Kiley McKinnon

Personal information
- Born: September 1, 1995 (age 30) Madison, Connecticut
- Height: 175 cm (5 ft 9 in)

Sport
- Sport: Skiing
- Club: US Ski Team, Elite Aerial Development Program

World Cup career
- Seasons: 4
- Indiv. podiums: 7

Medal record
Overall World Cup Champion 2015
Women's freestyle skiing
Representing United States
World Championships 2013, 2015
| Silver medal – second place | 2015 Kreischberg | Aerials |
| Silver medal – second place | 2015 Deer Valley World Cup | Aerials |

= Kiley McKinnon =

American freestyle skier

Kiley McKinnon (born September 1, 1995) is an American freestyle skier. She came in first place in the aerials competition during the 2015 FIS World Cup Champion and also won a silver medal in aerials at the FIS Freestyle Ski and Snowboarding World Championships 2015 in Kreischberg, Austria. In 2018, McKinnon represented Team USA in the PyeongChang Olympics and placed 10th in aerials. McKinnon is a co-founder of Halfdays, a direct-to-consumer brand for women's ski wear made of recycled fabrics that launched in November 2020.

==Ski career==
In 2010, McKinnon was recruited to the U.S. Ski and Snowboard Association's Elite Aerial Development program by friend, Mac Bohonnon. McKinnon's first national aerial competition was the 2011 U.S. National Championships.
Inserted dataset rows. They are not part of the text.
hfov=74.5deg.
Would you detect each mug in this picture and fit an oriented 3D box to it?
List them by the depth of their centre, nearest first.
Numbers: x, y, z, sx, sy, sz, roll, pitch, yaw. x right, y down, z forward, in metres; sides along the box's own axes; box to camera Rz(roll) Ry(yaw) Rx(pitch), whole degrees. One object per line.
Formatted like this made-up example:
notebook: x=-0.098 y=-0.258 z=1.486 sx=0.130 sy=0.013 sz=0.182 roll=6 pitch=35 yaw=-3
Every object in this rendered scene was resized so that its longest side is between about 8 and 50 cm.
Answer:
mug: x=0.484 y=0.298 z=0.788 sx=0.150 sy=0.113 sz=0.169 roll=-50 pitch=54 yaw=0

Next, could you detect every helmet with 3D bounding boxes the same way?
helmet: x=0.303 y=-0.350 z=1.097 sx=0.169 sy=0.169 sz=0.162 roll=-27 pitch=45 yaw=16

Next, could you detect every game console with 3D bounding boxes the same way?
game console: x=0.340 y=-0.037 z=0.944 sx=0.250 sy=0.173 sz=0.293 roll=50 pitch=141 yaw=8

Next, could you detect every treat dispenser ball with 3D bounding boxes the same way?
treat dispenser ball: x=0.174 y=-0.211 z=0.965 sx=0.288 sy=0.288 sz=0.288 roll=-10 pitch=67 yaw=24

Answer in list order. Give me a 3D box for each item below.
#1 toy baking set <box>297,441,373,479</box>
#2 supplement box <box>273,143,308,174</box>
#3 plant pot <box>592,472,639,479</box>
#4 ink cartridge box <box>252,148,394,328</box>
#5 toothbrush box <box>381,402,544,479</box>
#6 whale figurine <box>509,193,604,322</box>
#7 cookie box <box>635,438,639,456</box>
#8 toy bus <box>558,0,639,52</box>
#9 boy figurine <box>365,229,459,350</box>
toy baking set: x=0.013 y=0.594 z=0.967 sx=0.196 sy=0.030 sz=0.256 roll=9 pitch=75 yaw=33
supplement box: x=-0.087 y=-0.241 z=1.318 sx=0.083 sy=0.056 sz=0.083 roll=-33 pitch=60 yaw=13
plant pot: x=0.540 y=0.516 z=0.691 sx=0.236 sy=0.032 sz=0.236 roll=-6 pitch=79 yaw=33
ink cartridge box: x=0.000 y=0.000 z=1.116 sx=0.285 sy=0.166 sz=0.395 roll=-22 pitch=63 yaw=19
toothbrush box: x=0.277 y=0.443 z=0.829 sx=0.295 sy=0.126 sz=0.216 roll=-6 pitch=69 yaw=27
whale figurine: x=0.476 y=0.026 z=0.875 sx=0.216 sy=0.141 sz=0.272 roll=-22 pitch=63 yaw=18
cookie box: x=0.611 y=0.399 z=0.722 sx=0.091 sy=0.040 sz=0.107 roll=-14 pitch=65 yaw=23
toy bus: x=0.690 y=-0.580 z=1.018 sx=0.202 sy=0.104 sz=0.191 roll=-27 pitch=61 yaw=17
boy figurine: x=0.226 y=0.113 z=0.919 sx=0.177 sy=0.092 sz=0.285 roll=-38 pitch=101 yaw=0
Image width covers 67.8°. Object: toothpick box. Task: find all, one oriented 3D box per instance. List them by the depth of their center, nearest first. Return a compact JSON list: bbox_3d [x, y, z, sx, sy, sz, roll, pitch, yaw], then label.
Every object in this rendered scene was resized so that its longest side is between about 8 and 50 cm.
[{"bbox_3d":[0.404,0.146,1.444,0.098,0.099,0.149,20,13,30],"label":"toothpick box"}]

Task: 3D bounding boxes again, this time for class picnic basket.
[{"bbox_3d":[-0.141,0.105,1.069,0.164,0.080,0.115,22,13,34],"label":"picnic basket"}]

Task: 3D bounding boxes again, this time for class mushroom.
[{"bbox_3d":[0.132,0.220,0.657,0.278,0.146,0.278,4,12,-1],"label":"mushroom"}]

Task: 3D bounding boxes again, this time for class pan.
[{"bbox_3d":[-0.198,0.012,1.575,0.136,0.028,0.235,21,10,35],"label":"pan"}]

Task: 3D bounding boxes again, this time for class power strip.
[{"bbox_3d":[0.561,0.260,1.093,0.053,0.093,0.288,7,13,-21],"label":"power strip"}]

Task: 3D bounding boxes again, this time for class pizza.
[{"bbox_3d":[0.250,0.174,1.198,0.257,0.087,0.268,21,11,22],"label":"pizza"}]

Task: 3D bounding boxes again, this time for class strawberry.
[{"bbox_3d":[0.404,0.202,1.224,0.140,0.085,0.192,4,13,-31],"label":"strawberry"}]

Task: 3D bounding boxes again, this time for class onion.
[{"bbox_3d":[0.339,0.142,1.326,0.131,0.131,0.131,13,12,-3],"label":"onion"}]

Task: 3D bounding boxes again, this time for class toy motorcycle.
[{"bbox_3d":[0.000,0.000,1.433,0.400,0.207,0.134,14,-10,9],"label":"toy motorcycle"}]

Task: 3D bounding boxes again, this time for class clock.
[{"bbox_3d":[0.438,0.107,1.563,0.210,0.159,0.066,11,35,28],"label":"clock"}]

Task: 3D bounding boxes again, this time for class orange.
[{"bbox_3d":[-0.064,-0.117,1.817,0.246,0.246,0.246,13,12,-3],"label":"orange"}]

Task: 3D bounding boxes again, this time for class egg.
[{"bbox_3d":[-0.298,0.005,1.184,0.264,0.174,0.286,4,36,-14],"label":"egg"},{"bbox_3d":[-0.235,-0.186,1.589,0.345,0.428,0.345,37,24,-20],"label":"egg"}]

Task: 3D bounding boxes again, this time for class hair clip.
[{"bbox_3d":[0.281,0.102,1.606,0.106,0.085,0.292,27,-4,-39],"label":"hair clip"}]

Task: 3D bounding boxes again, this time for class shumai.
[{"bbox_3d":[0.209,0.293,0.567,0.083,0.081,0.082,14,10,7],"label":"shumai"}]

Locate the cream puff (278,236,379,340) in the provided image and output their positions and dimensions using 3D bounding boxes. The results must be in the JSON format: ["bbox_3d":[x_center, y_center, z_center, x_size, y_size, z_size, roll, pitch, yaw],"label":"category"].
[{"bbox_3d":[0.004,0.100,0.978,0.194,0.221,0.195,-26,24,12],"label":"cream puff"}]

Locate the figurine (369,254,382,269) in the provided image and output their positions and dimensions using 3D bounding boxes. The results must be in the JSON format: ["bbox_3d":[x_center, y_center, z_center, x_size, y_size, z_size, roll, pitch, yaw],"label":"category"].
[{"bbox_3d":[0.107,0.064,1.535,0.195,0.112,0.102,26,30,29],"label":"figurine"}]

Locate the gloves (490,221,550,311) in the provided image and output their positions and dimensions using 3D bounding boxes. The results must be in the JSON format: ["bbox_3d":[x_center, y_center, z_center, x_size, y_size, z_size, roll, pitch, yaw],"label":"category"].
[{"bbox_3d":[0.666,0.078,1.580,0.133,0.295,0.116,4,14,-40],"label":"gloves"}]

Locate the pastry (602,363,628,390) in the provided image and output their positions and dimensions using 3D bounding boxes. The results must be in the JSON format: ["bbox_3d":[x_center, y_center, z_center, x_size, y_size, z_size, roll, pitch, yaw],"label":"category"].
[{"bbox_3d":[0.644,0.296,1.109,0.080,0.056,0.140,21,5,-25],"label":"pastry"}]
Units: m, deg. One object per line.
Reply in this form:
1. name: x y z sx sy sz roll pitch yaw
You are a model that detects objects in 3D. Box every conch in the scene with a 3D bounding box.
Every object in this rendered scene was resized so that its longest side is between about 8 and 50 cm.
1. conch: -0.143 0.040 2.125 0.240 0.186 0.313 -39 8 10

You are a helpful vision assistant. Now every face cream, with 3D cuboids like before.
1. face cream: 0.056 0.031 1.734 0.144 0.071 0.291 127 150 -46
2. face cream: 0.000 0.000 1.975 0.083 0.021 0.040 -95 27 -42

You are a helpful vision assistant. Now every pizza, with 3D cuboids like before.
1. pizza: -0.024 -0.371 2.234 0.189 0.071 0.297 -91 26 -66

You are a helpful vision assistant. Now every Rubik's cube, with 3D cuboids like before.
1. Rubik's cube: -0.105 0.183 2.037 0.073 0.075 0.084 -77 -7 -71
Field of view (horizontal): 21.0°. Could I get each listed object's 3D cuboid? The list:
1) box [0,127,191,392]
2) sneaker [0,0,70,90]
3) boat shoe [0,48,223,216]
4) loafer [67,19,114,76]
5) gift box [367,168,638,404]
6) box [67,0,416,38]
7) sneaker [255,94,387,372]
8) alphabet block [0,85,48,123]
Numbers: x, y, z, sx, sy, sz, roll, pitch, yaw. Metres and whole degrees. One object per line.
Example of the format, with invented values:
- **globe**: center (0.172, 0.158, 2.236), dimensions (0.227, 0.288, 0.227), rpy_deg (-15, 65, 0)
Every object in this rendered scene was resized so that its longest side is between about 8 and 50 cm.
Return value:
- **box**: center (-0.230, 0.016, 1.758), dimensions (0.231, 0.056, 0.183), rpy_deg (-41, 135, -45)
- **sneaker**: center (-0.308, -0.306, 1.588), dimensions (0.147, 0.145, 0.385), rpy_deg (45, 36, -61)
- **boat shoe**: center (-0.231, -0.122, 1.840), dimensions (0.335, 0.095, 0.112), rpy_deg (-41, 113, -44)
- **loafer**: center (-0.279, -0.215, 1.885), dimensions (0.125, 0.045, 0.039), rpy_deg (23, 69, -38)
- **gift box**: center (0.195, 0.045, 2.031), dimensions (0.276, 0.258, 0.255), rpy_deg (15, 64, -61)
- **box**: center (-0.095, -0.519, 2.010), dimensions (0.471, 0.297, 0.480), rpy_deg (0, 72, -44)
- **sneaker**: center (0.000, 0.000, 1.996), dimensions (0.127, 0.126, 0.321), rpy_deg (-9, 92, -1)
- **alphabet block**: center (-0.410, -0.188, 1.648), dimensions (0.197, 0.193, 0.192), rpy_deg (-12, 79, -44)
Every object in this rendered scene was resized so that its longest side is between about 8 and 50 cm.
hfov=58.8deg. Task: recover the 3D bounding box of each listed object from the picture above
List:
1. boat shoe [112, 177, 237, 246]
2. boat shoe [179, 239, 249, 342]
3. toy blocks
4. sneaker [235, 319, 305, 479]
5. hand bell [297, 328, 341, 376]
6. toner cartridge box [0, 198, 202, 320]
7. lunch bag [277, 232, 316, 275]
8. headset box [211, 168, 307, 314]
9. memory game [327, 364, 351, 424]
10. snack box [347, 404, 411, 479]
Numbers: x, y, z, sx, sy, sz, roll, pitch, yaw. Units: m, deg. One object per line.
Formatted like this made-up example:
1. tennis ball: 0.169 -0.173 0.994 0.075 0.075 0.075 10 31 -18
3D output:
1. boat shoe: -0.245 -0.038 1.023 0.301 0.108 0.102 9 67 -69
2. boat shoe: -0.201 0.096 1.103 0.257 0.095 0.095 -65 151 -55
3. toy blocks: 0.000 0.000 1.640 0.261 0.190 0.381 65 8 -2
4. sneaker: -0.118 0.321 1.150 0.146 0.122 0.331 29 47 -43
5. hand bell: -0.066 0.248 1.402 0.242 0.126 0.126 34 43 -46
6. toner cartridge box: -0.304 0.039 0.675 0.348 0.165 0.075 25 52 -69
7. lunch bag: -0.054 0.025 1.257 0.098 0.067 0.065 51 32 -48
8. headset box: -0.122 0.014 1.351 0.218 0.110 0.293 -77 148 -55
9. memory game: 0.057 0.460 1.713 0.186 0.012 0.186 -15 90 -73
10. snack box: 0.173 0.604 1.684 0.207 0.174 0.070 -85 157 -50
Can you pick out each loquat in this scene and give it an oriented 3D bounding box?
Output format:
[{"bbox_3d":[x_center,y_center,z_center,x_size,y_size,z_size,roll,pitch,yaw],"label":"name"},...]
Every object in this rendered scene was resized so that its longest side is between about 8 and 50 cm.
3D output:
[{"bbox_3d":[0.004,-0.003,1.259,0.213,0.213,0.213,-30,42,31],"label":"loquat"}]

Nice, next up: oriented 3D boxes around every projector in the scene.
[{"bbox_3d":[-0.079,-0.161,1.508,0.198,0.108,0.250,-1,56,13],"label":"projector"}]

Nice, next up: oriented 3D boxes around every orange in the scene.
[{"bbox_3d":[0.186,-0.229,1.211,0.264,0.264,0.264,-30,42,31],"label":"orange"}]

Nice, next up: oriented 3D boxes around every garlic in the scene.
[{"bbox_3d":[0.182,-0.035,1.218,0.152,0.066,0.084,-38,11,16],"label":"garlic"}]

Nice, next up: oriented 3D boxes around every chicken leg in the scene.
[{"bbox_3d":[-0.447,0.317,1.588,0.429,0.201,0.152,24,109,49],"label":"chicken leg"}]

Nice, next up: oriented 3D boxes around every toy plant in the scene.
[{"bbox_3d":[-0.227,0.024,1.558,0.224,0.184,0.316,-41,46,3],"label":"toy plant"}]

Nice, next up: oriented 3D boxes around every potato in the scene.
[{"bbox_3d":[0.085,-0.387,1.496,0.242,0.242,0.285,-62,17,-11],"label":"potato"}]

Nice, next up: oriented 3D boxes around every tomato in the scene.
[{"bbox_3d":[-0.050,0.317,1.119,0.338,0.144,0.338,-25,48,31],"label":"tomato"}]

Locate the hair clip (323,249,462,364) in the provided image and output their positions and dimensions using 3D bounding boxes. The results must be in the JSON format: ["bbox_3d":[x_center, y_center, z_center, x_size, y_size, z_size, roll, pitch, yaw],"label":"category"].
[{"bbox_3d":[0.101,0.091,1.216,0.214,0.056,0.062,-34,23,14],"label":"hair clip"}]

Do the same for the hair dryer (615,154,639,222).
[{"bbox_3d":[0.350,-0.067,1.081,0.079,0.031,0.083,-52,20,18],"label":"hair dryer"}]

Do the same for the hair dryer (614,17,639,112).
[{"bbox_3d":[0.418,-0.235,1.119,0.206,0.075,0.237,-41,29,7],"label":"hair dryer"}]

In 2012, she was a member of the first graduating class of the United States Ski and Snowboard Association USSA TEAM Academy. In 2013, she was named the FIS "Rookie of the Year". McKinnon competed at the world cup level in December 2014 at the Bird's Nest in Beijing, China. She placed twice, taking bronze in the individual competition and second in the team competition. The third podium of her career occurred in January 2015 alongside US Ski Team Freestyle aerialist, Ashley Caldwell. McKinnon won a silver medal. She went on to compete in the 2018 Winter Olympics in Pyeongchang, South Korea. She placed 10th in the aerials competition for Team USA.

==Halfdays==
Along with co-founders Ariana Ferwerda and Karelle Golda, McKinnon launched her womenswear ski brand Halfdays during the COVID-19 pandemic in November 2020. The sustainable fashion ski wear brand targets the womenswear market and aims to achieve "comfort, utility, function and style" while breaking down the barrier to entry for females to winter sports. The textile production facility that manufactures Halfdays is environmentally mindful.